Stored dataset items:
━━━

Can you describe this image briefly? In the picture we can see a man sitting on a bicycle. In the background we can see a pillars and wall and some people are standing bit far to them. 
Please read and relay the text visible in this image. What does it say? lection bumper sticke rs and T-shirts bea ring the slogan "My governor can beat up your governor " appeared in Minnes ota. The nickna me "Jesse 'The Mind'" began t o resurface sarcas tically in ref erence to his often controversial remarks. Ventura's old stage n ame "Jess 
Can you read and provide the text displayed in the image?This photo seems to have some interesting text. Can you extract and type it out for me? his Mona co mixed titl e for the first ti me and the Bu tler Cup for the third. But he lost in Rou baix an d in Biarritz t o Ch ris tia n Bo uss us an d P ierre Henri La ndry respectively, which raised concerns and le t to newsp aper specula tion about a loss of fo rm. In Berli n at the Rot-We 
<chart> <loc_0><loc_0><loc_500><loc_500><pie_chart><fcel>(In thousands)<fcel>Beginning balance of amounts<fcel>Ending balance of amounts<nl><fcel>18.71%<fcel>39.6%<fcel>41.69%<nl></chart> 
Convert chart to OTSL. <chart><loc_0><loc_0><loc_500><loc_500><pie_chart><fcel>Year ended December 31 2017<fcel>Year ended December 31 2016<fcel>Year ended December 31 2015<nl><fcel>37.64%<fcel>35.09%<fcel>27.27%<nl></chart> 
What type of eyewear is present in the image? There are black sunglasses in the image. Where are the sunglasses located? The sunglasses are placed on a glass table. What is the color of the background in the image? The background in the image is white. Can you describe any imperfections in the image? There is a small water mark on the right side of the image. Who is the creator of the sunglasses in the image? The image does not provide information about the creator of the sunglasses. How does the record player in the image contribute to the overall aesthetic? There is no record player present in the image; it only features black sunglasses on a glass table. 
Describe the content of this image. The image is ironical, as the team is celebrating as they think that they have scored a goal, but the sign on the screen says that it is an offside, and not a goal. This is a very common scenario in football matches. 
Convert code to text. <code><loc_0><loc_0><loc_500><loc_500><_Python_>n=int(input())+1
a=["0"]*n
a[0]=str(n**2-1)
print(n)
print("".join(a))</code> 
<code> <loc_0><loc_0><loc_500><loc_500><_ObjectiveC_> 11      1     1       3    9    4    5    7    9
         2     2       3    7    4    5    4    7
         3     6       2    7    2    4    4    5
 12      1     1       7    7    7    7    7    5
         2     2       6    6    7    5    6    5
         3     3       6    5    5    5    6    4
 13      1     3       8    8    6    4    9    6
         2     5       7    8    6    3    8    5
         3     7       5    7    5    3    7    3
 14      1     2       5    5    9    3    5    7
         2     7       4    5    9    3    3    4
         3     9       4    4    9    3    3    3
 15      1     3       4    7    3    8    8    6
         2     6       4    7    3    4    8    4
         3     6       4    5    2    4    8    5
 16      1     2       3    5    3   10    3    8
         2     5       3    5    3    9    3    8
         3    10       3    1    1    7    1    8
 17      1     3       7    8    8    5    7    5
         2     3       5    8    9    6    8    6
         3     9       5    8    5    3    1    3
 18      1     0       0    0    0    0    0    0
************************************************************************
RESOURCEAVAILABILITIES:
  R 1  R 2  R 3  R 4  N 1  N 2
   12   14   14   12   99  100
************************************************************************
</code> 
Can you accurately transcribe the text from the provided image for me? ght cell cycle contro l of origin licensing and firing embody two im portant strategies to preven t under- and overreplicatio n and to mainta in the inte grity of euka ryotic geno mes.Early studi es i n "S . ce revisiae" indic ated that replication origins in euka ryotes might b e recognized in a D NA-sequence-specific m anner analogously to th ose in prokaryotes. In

━━━

In the data above, find each line that uses the string "What". Copy it.

- **Output for this exercise**:
Please read and relay the text visible in this image. What does it say? lection bumper sticke rs and T-shirts bea ring the slogan "My governor can beat up your governor " appeared in Minnes ota. The nickna me "Jesse 'The Mind'" began t o resurface sarcas tically in ref erence to his often controversial remarks. Ventura's old stage n ame "Jess 
What type of eyewear is present in the image? There are black sunglasses in the image. Where are the sunglasses located? The sunglasses are placed on a glass table. What is the color of the background in the image? The background in the image is white. Can you describe any imperfections in the image? There is a small water mark on the right side of the image. Who is the creator of the sunglasses in the image? The image does not provide information about the creator of the sunglasses. How does the record player in the image contribute to the overall aesthetic? There is no record player present in the image; it only features black sunglasses on a glass table. 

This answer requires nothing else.